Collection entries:
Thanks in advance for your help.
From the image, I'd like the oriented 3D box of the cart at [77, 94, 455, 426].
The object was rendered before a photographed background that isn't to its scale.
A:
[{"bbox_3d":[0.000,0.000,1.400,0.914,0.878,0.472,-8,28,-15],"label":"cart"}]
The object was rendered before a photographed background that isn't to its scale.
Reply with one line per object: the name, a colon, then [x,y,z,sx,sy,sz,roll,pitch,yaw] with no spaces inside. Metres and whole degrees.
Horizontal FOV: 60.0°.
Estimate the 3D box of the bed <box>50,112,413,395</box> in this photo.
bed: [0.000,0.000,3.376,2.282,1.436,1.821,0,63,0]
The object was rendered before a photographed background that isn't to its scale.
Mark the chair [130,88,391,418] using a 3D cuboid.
==
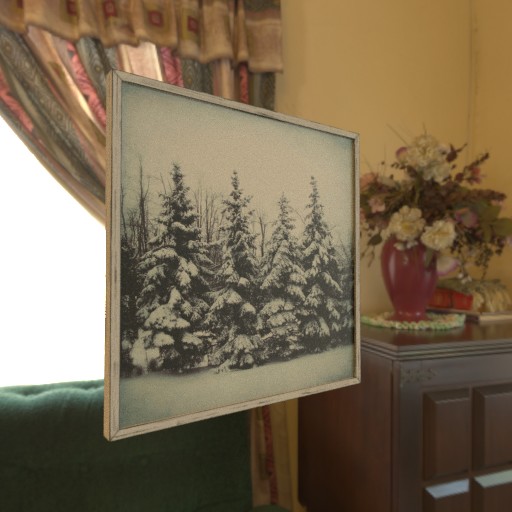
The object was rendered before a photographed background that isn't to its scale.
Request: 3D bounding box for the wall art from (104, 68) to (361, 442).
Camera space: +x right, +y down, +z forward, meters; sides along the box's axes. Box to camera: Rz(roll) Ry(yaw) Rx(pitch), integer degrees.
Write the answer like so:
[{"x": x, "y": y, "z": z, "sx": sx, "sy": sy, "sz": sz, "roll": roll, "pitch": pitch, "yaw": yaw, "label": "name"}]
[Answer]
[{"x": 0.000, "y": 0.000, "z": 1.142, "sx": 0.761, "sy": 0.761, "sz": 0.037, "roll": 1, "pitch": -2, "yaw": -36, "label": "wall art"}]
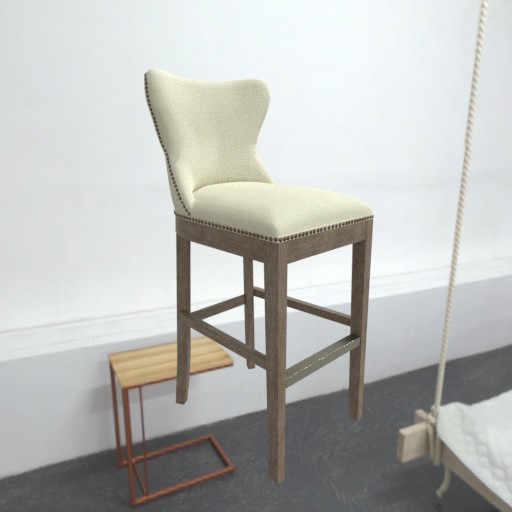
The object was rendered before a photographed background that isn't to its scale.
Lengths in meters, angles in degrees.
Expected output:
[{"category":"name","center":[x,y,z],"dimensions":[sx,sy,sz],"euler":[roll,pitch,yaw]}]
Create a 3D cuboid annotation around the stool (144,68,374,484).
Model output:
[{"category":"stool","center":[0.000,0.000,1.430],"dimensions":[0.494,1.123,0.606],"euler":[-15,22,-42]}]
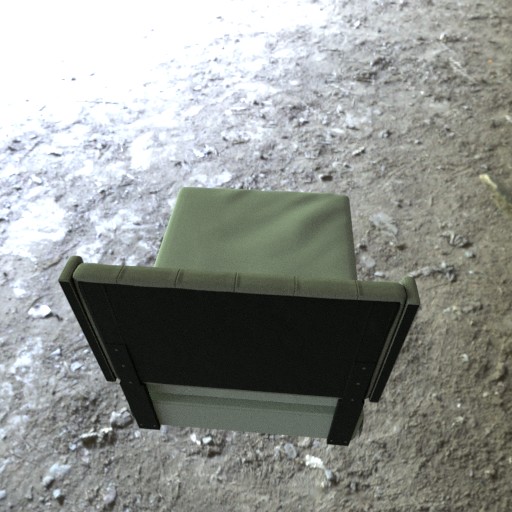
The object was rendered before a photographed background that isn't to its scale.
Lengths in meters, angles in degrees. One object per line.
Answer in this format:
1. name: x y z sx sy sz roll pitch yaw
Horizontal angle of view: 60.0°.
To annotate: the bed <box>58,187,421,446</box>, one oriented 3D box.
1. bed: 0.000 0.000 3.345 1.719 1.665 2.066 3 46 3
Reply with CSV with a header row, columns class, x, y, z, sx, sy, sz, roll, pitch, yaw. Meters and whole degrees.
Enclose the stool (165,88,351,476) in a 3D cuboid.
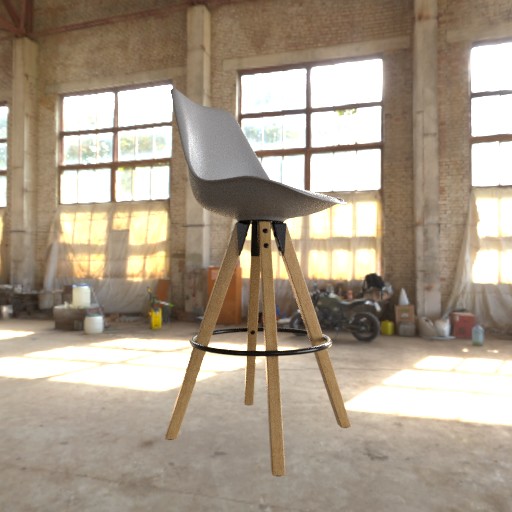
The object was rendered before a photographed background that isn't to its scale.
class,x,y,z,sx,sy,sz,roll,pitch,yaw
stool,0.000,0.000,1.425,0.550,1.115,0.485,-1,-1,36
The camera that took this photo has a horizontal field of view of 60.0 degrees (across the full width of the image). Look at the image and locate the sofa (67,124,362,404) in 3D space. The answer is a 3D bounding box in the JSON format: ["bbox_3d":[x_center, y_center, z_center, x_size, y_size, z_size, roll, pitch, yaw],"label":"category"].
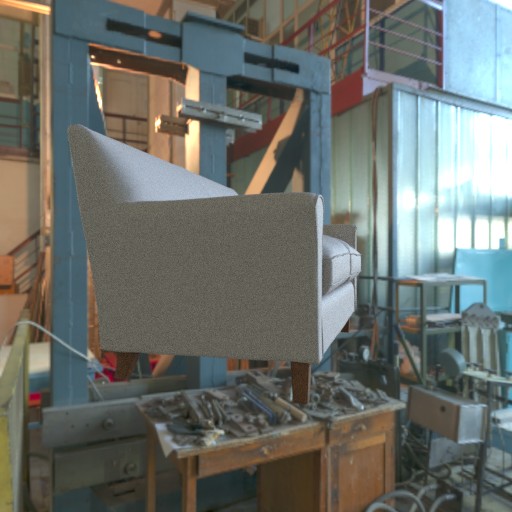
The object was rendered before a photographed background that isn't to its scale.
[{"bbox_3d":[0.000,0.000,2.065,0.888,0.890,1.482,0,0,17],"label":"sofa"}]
--
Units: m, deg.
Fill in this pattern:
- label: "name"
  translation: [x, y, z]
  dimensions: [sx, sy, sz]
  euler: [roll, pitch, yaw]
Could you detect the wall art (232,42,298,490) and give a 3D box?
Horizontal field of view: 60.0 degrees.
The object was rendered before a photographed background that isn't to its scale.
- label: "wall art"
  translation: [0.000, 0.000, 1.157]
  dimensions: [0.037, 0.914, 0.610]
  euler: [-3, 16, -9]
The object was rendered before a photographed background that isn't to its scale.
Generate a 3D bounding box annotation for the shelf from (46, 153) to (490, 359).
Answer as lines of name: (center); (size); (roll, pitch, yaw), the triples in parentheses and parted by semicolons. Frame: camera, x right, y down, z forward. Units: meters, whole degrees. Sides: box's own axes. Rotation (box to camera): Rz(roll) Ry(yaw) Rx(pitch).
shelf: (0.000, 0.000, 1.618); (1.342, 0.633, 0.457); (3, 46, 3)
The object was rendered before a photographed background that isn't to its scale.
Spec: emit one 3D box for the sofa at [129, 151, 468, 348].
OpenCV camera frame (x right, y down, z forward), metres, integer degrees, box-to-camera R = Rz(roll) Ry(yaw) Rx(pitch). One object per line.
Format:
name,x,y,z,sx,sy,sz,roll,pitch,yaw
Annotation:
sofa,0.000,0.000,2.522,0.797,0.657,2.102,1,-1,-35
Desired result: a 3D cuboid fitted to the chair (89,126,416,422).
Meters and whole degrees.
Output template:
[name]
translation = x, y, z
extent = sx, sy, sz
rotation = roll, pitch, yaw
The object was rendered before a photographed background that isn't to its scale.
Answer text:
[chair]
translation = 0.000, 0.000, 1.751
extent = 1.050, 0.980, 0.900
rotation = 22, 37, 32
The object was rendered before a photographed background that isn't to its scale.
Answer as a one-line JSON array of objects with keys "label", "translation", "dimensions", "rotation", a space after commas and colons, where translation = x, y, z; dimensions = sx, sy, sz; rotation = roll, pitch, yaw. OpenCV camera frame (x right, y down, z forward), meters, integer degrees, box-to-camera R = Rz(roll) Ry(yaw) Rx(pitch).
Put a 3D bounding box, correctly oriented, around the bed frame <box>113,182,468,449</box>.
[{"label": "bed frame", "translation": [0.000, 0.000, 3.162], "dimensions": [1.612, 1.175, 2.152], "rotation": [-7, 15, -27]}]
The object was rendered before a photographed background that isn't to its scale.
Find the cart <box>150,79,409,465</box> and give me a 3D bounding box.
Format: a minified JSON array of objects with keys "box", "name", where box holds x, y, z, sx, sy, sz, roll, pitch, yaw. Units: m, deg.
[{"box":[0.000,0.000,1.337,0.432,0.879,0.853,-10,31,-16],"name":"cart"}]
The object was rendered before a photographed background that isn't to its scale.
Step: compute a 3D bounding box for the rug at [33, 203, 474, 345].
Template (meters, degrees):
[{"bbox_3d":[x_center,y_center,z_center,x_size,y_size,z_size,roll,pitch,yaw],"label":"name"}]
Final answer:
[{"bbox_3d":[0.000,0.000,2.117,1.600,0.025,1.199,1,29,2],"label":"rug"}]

### Your instructions
For the word "like", go through the records and show each line that carries it.

### Written response
From the image, I'd like the oriented 3D box of the cart at [77, 94, 455, 426].
Write the answer like so:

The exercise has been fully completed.